4D float array storage

I need to have all threads access a common 4D lookup table. Access is random from all threads. Devices are multiple Tesla K10s.
The LUT data is normalized floating point, less than 50 nodes for each dimension. I will be doing the interpolation manually in CUDA code. I have working host version code already.

I have found that, at least for 1D and 2D integer data, simultaneous access is much faster when texture memory is used for storage. Table dimensions are small, typically 33.
( float LutABCD[33][33][33][33] in host memory)

Question - Is there any best way to fold the table into lower dimensional array, specifically, is
float simLUT_AB_CD [3333] [3333] better than
float simlut_ABC_D [33] [333333] or even
float simLUT_ABCD [333333*33] or anything else?

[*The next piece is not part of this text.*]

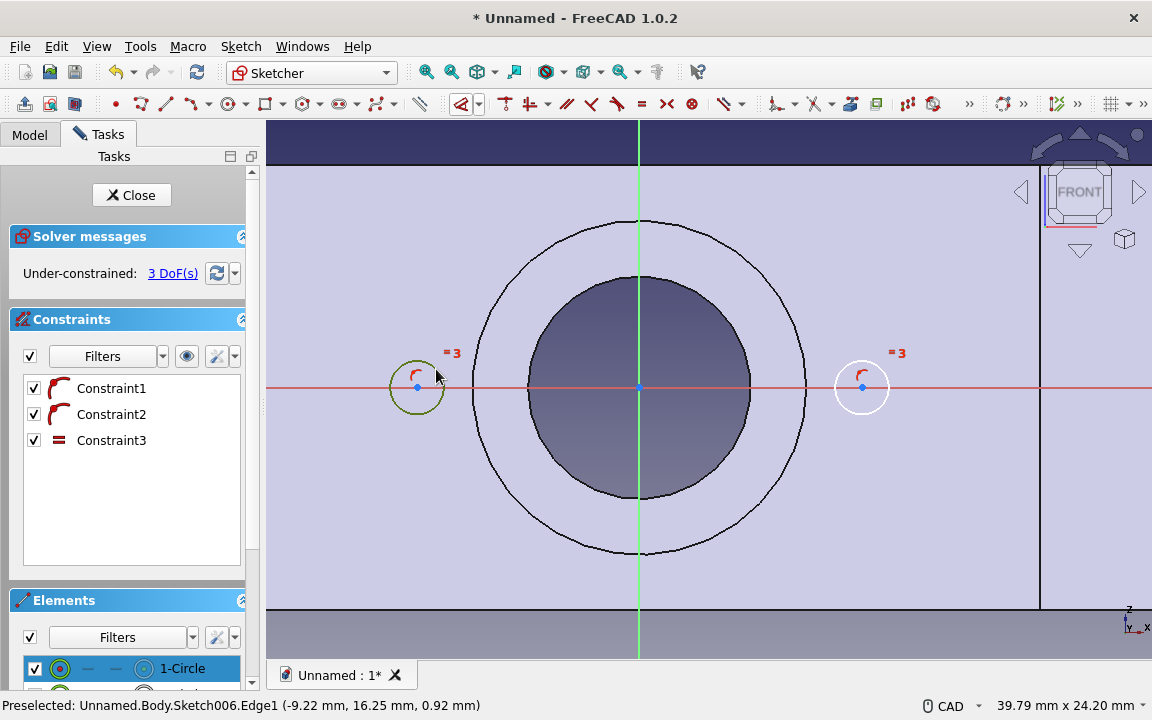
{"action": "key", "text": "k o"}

To my knowledge, and someone correct me if I’m wrong, it is faster to deal with 1D arrays always… so my suggestion is to flatten it to 1 dimension, like so: https://plus.google.com/104038699355103594931/posts/3wipTEpMUun

You can define a macro so that it’s not a complete pain to recalculate your indexes as talonmies’ response shows: http://stackoverflow.com/questions/5631115/2d-array-on-cuda

Using the first link, it should be straight-forward to extend the macro above into 4 dimensions.

La vaca not so loca!
Thanks for both. That’s what I was planning to do.
The macro does make the code readable.
The reduce operations comment won’t be needed since the dimensions are known at compile time.

If no one corrects you, I’m going to assume you are right about 1D flattening being faster.
It makes sense. Tnx.

Why don’t you consider using CUDA’s float4? It is a struct defined as

struct __device_builtin__ __builtin_align__(16) float4
{
    float x, y, z, w;
};

and the declaration would read as

float4 simLUT[33];

builtin_align(16) requests the compiler to allocate the struct (or array of such structs) on a 16-byte aligned boundary to improve coalescence.

It’s probably not a problem, but your randomly-accessed 4D LUT is ~4.5 MB so it can’t fit entirely in shared or L2.

If the LUT throughput is the bottleneck you might consider finding a more compact way of representing the LUT so it will fit in either texture, shared or L2.